Exercise » Somewhere below is a line with "against static discharge.</text>" and, later, a line with "even after use.</text>"; repeat those two lines and all the lines between them, exactly as they are.

[Supplied material]

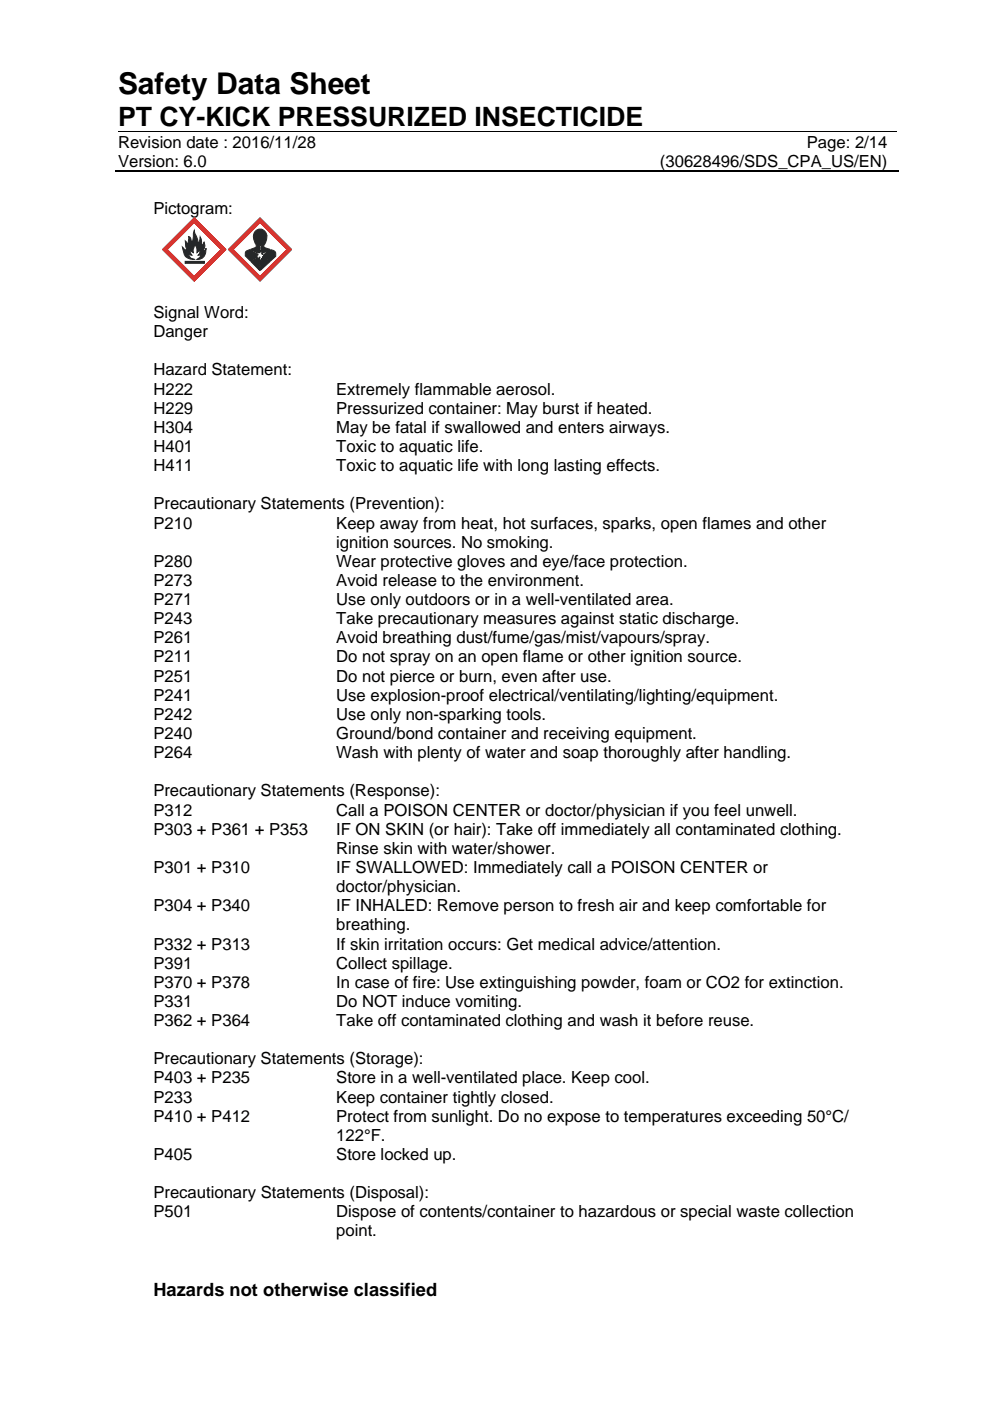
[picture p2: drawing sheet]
<svg xmlns="http://www.w3.org/2000/svg" width="210mm" height="297mm" viewBox="0 0 210 297" stroke-linecap="round" stroke-linejoin="round" font-family="sans-serif">
<defs><g id="words">
<text font-size="6.3" x="25" y="20">Safety Data Sheet</text>
<text font-size="5.7" x="25" y="26.6">PT CY-KICK PRESSURIZED INSECTICIDE</text>
<text font-size="3.9" x="32.5" y="274.7">Hazards not otherwise classified</text>
<g font-size="3.5">
<text x="25" y="31.3">Revision date : 2016/11/28</text>
<text x="25" y="35.3">Version: 6.0</text>
<text x="139.9" y="35.3">(30628496/SDS_CPA_US/EN)</text>
<text x="171.1" y="31.3">Page: 2/14</text>
<text x="32.5" y="45.4">Pictogram:</text>
<text x="32.5" y="67.4">Signal Word:</text>
<text x="32.5" y="71.5">Danger</text>
<text x="32.5" y="79.6">Hazard Statement:</text>
<text x="32.5" y="83.7">H222</text>
<text x="71.3" y="83.7">Extremely flammable aerosol.</text>
<text x="32.5" y="87.7">H229</text>
<text x="71.3" y="87.7">Pressurized container: May burst if heated.</text>
<text x="32.5" y="91.8">H304</text>
<text x="32.5" y="95.8">H401</text>
<text x="71.3" y="95.8">Toxic to aquatic life.</text>
<text x="71.3" y="91.8">May be fatal if swallowed and enters airways.</text>
<text x="32.5" y="99.9">H411</text>
<text x="71.3" y="99.9">Toxic to aquatic life with long lasting effects.</text>
<text x="32.5" y="108">Precautionary Statements (Prevention):</text>
<text x="32.5" y="112.1">P210</text>
<text x="71.3" y="112.1">Keep away from heat, hot surfaces, sparks, open flames and other</text>
<text x="71.3" y="116.1">ignition sources. No smoking.</text>
<text x="32.5" y="120.2">P280</text>
<text x="32.5" y="124.2">P273</text>
<text x="71.3" y="120.2">Wear protective gloves and eye/face protection.</text>
<text x="71.3" y="124.2">Avoid release to the environment.</text>
<text x="32.5" y="128.3">P271</text>
<text x="71.3" y="128.3">Use only outdoors or in a well-ventilated area.</text>
<text x="32.5" y="132.4">P243</text>
<text x="32.5" y="136.4">P261</text>
<text x="71.3" y="132.4">Take precautionary measures against static discharge.</text>
<text x="71.3" y="136.4">Avoid breathing dust/fume/gas/mist/vapours/spray.</text>
<text x="32.5" y="140.5">P211</text>
<text x="71.3" y="140.5">Do not spray on an open flame or other ignition source.</text>
<text x="32.5" y="144.5">P251</text>
<text x="32.5" y="148.6">P241</text>
<text x="71.3" y="144.5">Do not pierce or burn, even after use.</text>
<text x="71.3" y="148.6">Use explosion-proof electrical/ventilating/lighting/equipment.</text>
<text x="32.5" y="152.6">P242</text>
<text x="71.3" y="152.6">Use only non-sparking tools.</text>
<text x="32.5" y="156.7">P240</text>
<text x="32.5" y="160.7">P264</text>
<text x="71.3" y="160.7">Wash with plenty of water and soap thoroughly after handling.</text>
<text x="71.3" y="156.7">Ground/bond container and receiving equipment.</text>
<text x="32.5" y="168.8">Precautionary Statements (Response):</text>
<text x="32.5" y="172.9">P312</text>
<text x="71.3" y="172.9">Call a POISON CENTER or doctor/physician if you feel unwell.</text>
<text x="32.5" y="177">P303 + P361 + P353</text>
<text x="71.3" y="177">IF ON SKIN (or hair): Take off immediately all contaminated clothing.</text>
<text x="32.5" y="185.1">P301 + P310</text>
<text x="71.3" y="185.1">IF SWALLOWED: Immediately call a POISON CENTER or</text>
<text x="71.3" y="181">Rinse skin with water/shower.</text>
<text x="71.3" y="189.1">doctor/physician.</text>
<text x="32.5" y="193.2">P304 + P340</text>
<text x="71.3" y="193.2">IF INHALED: Remove person to fresh air and keep comfortable for</text>
<text x="71.3" y="197.3">breathing.</text>
<text x="32.5" y="201.3">P332 + P313</text>
<text x="71.3" y="201.3">If skin irritation occurs: Get medical advice/attention.</text>
<text x="32.5" y="205.4">P391</text>
<text x="32.5" y="209.4">P370 + P378</text>
<text x="71.3" y="209.4">In case of fire: Use extinguishing powder, foam or CO2 for extinction.</text>
<text x="71.3" y="205.4">Collect spillage.</text>
<text x="32.5" y="213.5">P331</text>
<text x="71.3" y="213.5">Do NOT induce vomiting.</text>
<text x="32.5" y="217.5">P362 + P364</text>
<text x="71.3" y="217.5">Take off contaminated clothing and wash it before reuse.</text>
<text x="32.5" y="225.7">Precautionary Statements (Storage):</text>
<text x="32.5" y="229.7">P403 + P235</text>
<text x="32.5" y="233.8">P233</text>
<text x="71.3" y="229.7">Store in a well-ventilated place. Keep cool.</text>
<text x="71.3" y="233.8">Keep container tightly closed.</text>
<text x="32.5" y="237.8">P410 + P412</text>
<text x="71.3" y="237.8">Protect from sunlight. Do no expose to temperatures exceeding 50°C/</text>
<text x="32.5" y="245.9">P405</text>
<text x="71.3" y="245.9">Store locked up.</text>
<text x="71.3" y="241.9">122°F.</text>
<text x="32.5" y="254">Precautionary Statements (Disposal):</text>
<text x="32.5" y="258.1">P501</text>
<text x="71.3" y="262.1">point.</text>
<text x="71.3" y="258.1">Dispose of contents/container to hazardous or special waste collection</text>
</g>
</g></defs>
<path d="M25 27.9h165.1" fill="none" stroke="#000" stroke-width=".21"/>
<path d="M24.5 36.3h166.1" fill="none" stroke="#000" stroke-width=".25"/>
<path d="M41.2 48.9l.1 .5a2.45 2.45 0 0 1 .6 2.1l.3-.3 .2-1a2.05 2.05 0 0 1 .2 1.9l.5-.4 .2-.3a1.53 1.53 0 0 1-.3 1.8l.6-.3 .1-.3a1.9 1.9 0 0 1-1.9 2.4l.7-.6 .3-.5-.8 .2a1.18 1.18 0 0 0 .4-1.2l-.6 .7a1.71 1.71 0 0 0-.6-1.8l-.3 1.2 .1 .6-.4-.3-.2-.4-.1 .5 .4 .7-.8-.3a1.43 1.43 0 0 0 1.4 1.2 2.03 2.03 0 0 1-2.2-1l-.4-1.6 .6 .6h.4l-.3-.7-.1-1.2 .7 .8v-1.7a.73 .73 0 0 1 .5 .8l.2 .4z" fill-rule="evenodd" fill="#22272a"/>
<path d="M39.3 55.4h4v.4h-4zM41.2 48.9l.1 .5a2.45 2.45 0 0 1 .6 2.1l.3-.3 .2-1a2.05 2.05 0 0 1 .2 1.9l.5-.4 .2-.3a1.53 1.53 0 0 1-.3 1.8l.6-.3 .1-.3a1.9 1.9 0 0 1-1.9 2.4l.7-.6 .3-.5-.8 .2a1.18 1.18 0 0 0 .4-1.2l-.6 .7a1.71 1.71 0 0 0-.6-1.8l-.3 1.2 .1 .6-.4-.3-.2-.4-.1 .5 .4 .7-.8-.3a1.43 1.43 0 0 0 1.4 1.2 2.03 2.03 0 0 1-2.2-1l-.4-1.6 .6 .6h.4l-.3-.7-.1-1.2 .7 .8v-1.7a.73 .73 0 0 1 .5 .8l.2 .4z" fill="none" stroke="#22272a" stroke-width=".21"/>
<path d="M39.3 55.6h4" fill="none" stroke="#22272a" stroke-width=".42"/>
<path d="M35.5 52.8l5.7-5.6 5.6 5.7-5.6 5.7zM34.4 52.9l6.8 6.7 6.7-6.7-6.7-6.8z" fill-rule="evenodd" fill="#d52e29"/>
<path d="M35.5 52.8l5.7-5.6 5.6 5.7-5.6 5.7zM41.2 46.1l6.7 6.8-6.7 6.7-6.8-6.7z" fill="none" stroke="#d52e29" stroke-width=".21"/>
<path d="M49.5 52.8l5.6-5.6 5.7 5.7-5.7 5.7zM48.4 52.9l6.7 6.7 6.8-6.7-6.8-6.8z" fill-rule="evenodd" fill="#d52e29"/>
<path d="M49.5 52.8l5.6-5.6 5.7 5.7-5.7 5.7zM55.1 46.1l6.8 6.8-6.8 6.7-6.7-6.7z" fill="none" stroke="#d52e29" stroke-width=".21"/>
<path d="M54.4 53.6h.1v.1z" fill-rule="evenodd" fill="#22272a"/>
<path d="M54.4 53.6h.1v.1z" fill="none" stroke="#22272a" stroke-width=".21"/>
<path d="M55.7 54.4h.2l-.1 .3z" fill-rule="evenodd" fill="#22272a"/>
<path d="M55.7 54.4h.2l-.1 .3z" fill="none" stroke="#22272a" stroke-width=".21"/>
<path d="M54.9 54.5l.2 .1-.1 .1z" fill-rule="evenodd" fill="#22272a"/>
<path d="M54.9 54.5l.2 .1-.1 .1z" fill="none" stroke="#22272a" stroke-width=".21"/>
<path d="M54.4 53.9l.3 .1z" fill-rule="evenodd" fill="#22272a"/>
<path d="M54.4 53.9l.3 .1z" fill="none" stroke="#22272a" stroke-width=".21"/>
<path d="M55.5 53.7l.3 .2-.2 .1z" fill-rule="evenodd" fill="#22272a"/>
<path d="M55.5 53.7l.3 .2-.2 .1z" fill="none" stroke="#22272a" stroke-width=".21"/>
<path d="M55.2 53l.1 .1-.1 .3z" fill-rule="evenodd" fill="#22272a"/>
<path d="M55.2 53l.1 .1-.1 .3z" fill="none" stroke="#22272a" stroke-width=".21"/>
<path d="M54.4 54.5l.1 .1z" fill-rule="evenodd" fill="#22272a"/>
<path d="M54.4 54.5l.1 .1z" fill="none" stroke="#22272a" stroke-width=".21"/>
<path d="M55 53.5l.1 .1z" fill-rule="evenodd" fill="#22272a"/>
<path d="M55 53.5l.1 .1z" fill="none" stroke="#22272a" stroke-width=".21"/>
<circle cx="55.2" cy="55.3" r=".14" fill="#22272a"/>
<circle cx="55.2" cy="55.3" r=".14" fill="none" stroke="#22272a" stroke-width=".21"/>
<path d="M53.2 55.3l.6-.1 .4-.3h.4l-.1-.2 .5 .1-.1 1 .3 .5-.2 1-1.8-1.8z" fill-rule="evenodd" fill="#22272a"/>
<path d="M53.2 55.3l.6-.1 .4-.3h.4l-.1-.2 .5 .1-.1 1 .3 .5-.2 1-1.8-1.8z" fill="none" stroke="#22272a" stroke-width=".21"/>
<path d="M55.4 54.9l.2-.2 .3 .1 .5 .3 .1-.1 .2 .1 .5 .4-2 1.8v-.9l.2-.2-.2-.3a.16 .16 0 0 1 0-.3 .18 .18 0 0 1 .3 .2z" fill-rule="evenodd" fill="#22272a"/>
<path d="M55.4 54.9l.2-.2 .3 .1 .5 .3 .1-.1 .2 .1 .5 .4-2 1.8v-.9l.2-.2-.2-.3a.16 .16 0 0 1 0-.3 .18 .18 0 0 1 .3 .2z" fill="none" stroke="#22272a" stroke-width=".21"/>
<path d="M55.9 54l1.3-.9a.53 .53 0 0 1 .8 0l.4 .4 .1 .8-1.1 1-.4-.3-.7-.2 .1-.3-.3 .1v-.3h-.2z" fill-rule="evenodd" fill="#22272a"/>
<path d="M55.9 54l1.3-.9a.53 .53 0 0 1 .8 0l.4 .4 .1 .8-1.1 1-.4-.3-.7-.2 .1-.3-.3 .1v-.3h-.2z" fill="none" stroke="#22272a" stroke-width=".21"/>
<path d="M54.1 49.1a2.47 2.47 0 0 0 .2 2.8v.5l-1.1 .4 .1 .1 .8 .5h.5l.2 .2 .3-.8 .1-.3h-.2l.2-.9 .2 .6 .1 1.4h.5l.1-.3a.33 .33 0 0 0 .5-.1h.3l.3-.4-1.2-.3-.1-.5a2.17 2.17 0 0 0-.2-3.3 1.34 1.34 0 0 0-1.6 .4z" fill="#22272a"/>
<path d="M54.1 49.1a1.51 1.51 0 0 1 1.9-.2 1.51 1.51 0 0 1 .5 1.9l-.6 1.2 .1 .5 1.1 .3-.2 .4-.2-.1a.44 .44 0 0 1-.6 .3l-.1-.1v.3h-.5l-.1-1.4-.2-.6-.2 .9h.2l-.1 .3-.3 .8-.2-.2h-.5l-.8-.5-.1-.1 1.1-.4v-.5a2.47 2.47 0 0 1-.2-2.8zM54.9 53.1h.1" fill="none" stroke="#22272a" stroke-width=".21"/>
<path d="M52.1 53.3l.9-.4 .8 .5 .2 .4a.37 .37 0 0 1 .4 .5l.1 .1h-.2v.3l-.3-.2-.4 .6-.6 .2-1-1z" fill-rule="evenodd" fill="#22272a"/>
<path d="M52.1 53.3l.9-.4 .8 .5 .2 .4a.37 .37 0 0 1 .4 .5l.1 .1h-.2v.3l-.3-.2-.4 .6-.6 .2-1-1z" fill="none" stroke="#22272a" stroke-width=".21"/>
<use href="#words"/>
</svg>

[/Supplied material]

Written answer »
<text x="71.3" y="132.4">Take precautionary measures against static discharge.</text>
<text x="71.3" y="136.4">Avoid breathing dust/fume/gas/mist/vapours/spray.</text>
<text x="32.5" y="140.5">P211</text>
<text x="71.3" y="140.5">Do not spray on an open flame or other ignition source.</text>
<text x="32.5" y="144.5">P251</text>
<text x="32.5" y="148.6">P241</text>
<text x="71.3" y="144.5">Do not pierce or burn, even after use.</text>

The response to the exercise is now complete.